The built-in Python bisect
library works on a list. We can reload the __getitem__
method of an object to mimic the behaviour of a list so it can be used for bisect
module off the shelf.
Input: a function
that returns True for all n<=n0
(n0
is unknown value we want to find) and False otherwise.
Module
Following class wraps up the function and searches the maximum n
that makes function(n)==True
.
import bisect
class FunctionBisector(object):
'''
Generic List style class for built-in bisect module and any function.
function: A predicate that decides a given number n is True or False.
There is a latent integer n0. When n <= n0, it returns True.
Else, it returns False.
Essentially, this allows a bisection on an array like
[True, True, True, ... False, False]
without actually constructing it.
'''
def __init__(self, function):
self.function = function
def __len__(self):
return self.length
def __getitem__(self, k):
if self.function(k):
return 0
else:
return 1
def search(self, left, right):
self.length = right
first_one_index = bisect.bisect_left(self, 1, left, right)
return first_one_index - 1
Application on scraping
In web scraping project, we can often construct actual URLs from a template with increasing sequence number, such as post ID.
For example, https://www.discuss.com.hk/viewthread.php?tid={n}
is such a template.
Suppose the n's are consecutive.
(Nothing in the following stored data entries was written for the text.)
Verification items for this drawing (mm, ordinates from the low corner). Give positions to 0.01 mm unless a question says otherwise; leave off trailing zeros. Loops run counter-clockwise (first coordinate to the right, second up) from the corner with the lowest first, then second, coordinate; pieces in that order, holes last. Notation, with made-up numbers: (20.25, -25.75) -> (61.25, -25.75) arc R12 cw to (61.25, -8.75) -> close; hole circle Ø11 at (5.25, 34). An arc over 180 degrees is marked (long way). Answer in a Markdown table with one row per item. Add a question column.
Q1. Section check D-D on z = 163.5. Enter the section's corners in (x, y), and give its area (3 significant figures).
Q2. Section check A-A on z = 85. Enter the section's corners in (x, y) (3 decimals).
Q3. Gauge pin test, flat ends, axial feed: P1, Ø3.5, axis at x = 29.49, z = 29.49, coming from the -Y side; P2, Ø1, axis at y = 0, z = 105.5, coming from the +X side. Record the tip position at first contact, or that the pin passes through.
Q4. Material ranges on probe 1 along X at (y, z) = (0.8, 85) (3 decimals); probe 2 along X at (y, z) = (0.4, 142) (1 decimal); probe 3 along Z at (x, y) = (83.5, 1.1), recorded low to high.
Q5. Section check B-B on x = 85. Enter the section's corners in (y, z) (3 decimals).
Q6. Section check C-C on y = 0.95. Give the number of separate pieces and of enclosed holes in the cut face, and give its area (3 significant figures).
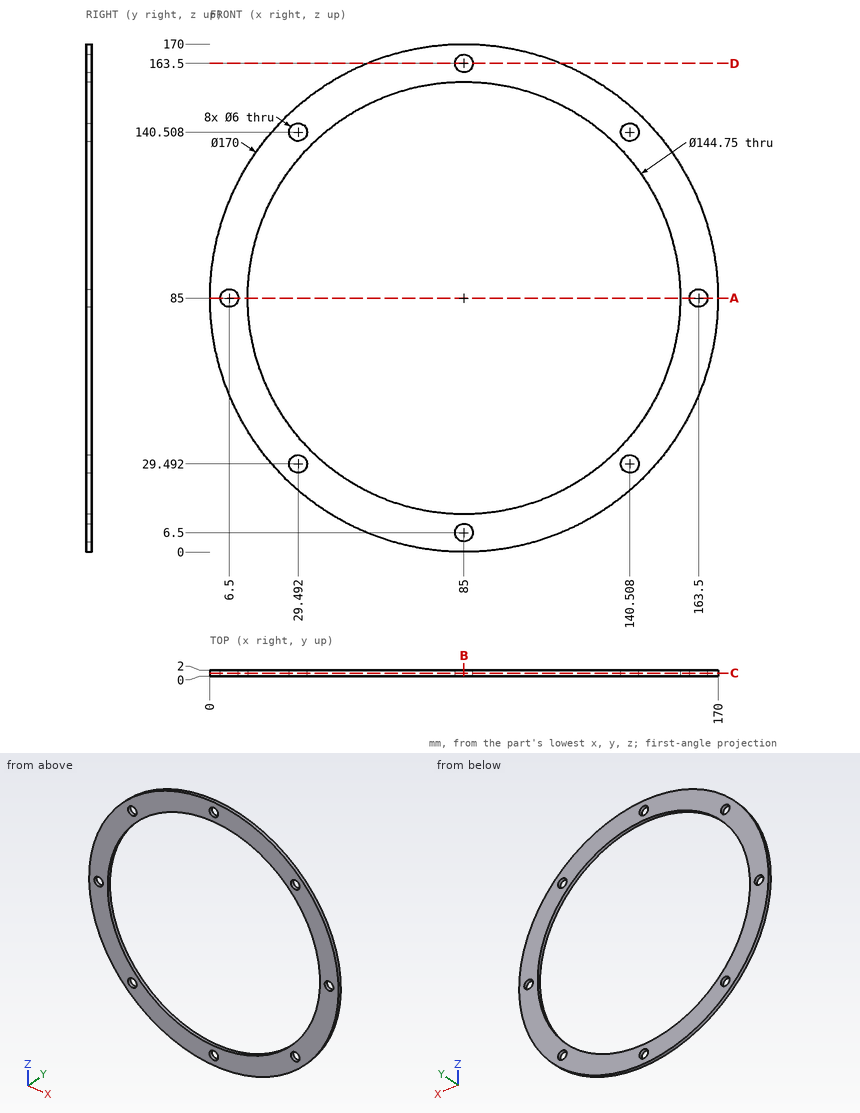
Taken from the geometry:
| question | item | result |
|---|---|---|
| 1 | outline | (52.4, 0) -> (82, 0) -> (82, 2) -> (52.4, 2) -> close; (88, 0) -> (117.6, 0) -> (117.6, 2) -> (88, 2) -> close |
| 1 | area | 118 mm² |
| 2 | outline | (0, 0) -> (3.5, 0) -> (3.5, 2) -> (0, 2) -> close; (9.5, 0) -> (12.625, 0) -> (12.625, 2) -> (9.5, 2) -> close; (157.375, 0) -> (160.5, 0) -> (160.5, 2) -> (157.375, 2) -> close; (166.5, 0) -> (170, 0) -> (170, 2) -> (166.5, 2) -> close |
| 3 | P1 | passes through |
| 3 | P2 | stops at x = 167.61 |
| 4 | probe 1 | x = 0 to 3.5, 9.5 to 12.625, 157.375 to 160.5, 166.5 to 170 |
| 4 | probe 2 | x = 21.9 to 26.9, 32.1 to 40.4, 129.6 to 137.9, 143.1 to 148.1 |
| 4 | probe 3 | z = 0.01 to 3.9, 9.1 to 12.64, 157.36 to 160.9, 166.1 to 169.99 |
| 5 | outline | (0, 0) -> (2, 0) -> (2, 3.5) -> (0, 3.5) -> close; (0, 9.5) -> (2, 9.5) -> (2, 12.625) -> (0, 12.625) -> close; (0, 157.375) -> (2, 157.375) -> (2, 160.5) -> (0, 160.5) -> close; (0, 166.5) -> (2, 166.5) -> (2, 170) -> (0, 170) -> close |
| 6 | separate pieces | 1 |
| 6 | enclosed holes | 9 |
| 6 | area | 6,020 mm² |

How can we efficiently find the maximum n
that is valid?
We can do this within logarithm time. The idea are two folds:
- Find a loose right bound. We can start from any small
n
and test if the URL is valid. Increasen
by an exponetial sequence like100, 200, 400, 800, ...
. In this way we can reach a number larger than max ID in log time, and use that as theright
- Run a bisection algorithm between
left
andright
. We need to find ann
such thatis_valid_id(n)==True
andis_valid_id(n+1)==False
. This step right fits the module defined in previous section.
Max ID test class
Note that each website may need different definition of URL validity. Even when the HTTP layer returns 200, the page could still be invalid and one needs to check the returned content to determine validity.
To make this logic more generalizable, we define a Website
class that builds on our generic function bisector. Also attached can find a quick test case of the methods.
import requests
class Website():
template = ''
increase_base = 1000
def http_get_by_id(self, n):
url = template.format(n=n)
return requests.get(url)
def is_valid_content(self, text):
# Some website returns 200 with a valid page but shows a human readable
# message to indicate page is invalid. One needs to implement a
# predicate function here.
return True
def is_valid_id(self, n):
r = self.http_get_by_id(n)
if r.status_code != 200:
valid = False
else:
valid = self.is_valid_content(r.text)
print(f'ID {n} is valid: {valid}')
return valid
def search_max_id(self, start_id, stop_id):
# Search the max_id between the range: [start_id, stop_id)
# start_id must be valid
right = start_id
increase = self.increase_base
# Exponentially increase the possible upper bound
while self.is_valid_id(right) and (right + increase) < stop_id:
right += increase
increase *= 2
print(f'Exponentially increase right to {right}')
# Bisection
left = start_id
fb = FunctionBisector(self.is_valid_id)
return fb.search(left, right)
class TestWebsite(Website):
def is_valid_id(self, n):
if n <= 12345:
return True
else:
return False
tw = TestWebsite()
tw.search_max_id(10, 1000000)
Test output:
Exponentially increase right to 1010
Exponentially increase right to 3010
Exponentially increase right to 7010
Exponentially increase right to 15010
12345
Application on HK Discuss
We can derive the following class with content checking:
class DiscussHK(Website):
template = 'https://www.discuss.com.hk/viewthread.php?tid={n}'
def is_valid_content(self, text):
if '找不到內容,請返回。' in text:
return False
else:
return True
discuss_hk = DiscussHK()
print(discuss_hk.is_valid_id(70924275))
print(discuss_hk.is_valid_id(30924275))
Result:
ID 70924275 is valid: False
False
ID 30924275 is valid: True
True
Now we can finally use it to find the max ID:
discuss_hk.search_max_id(30924275, 70924275)
Result:
ID 30924275 is valid: True
Exponentially increase right to 30925275
ID 30925275 is valid: True
(...omitted output)
ID 30987275 is valid: True
Exponentially increase right to 31051275
ID 31051275 is valid: True
Exponentially increase right to 31179275
ID 31179275 is valid: False
ID 31051775 is valid: False
ID 30988025 is valid: True
(...omitted output)
ID 31051772 is valid: True
ID 31051774 is valid: True
31051774
It is easy to verify that 31051774 is a valid ID as of this writing (2023-09-08).
Notes
It is easy to implement the bisection from scratch, but I like to make use of built-in functions. The generic bisection over a function is useful when the possible ID space is large. By using our module, we do not have to pre-compute the range of a function over entire domain.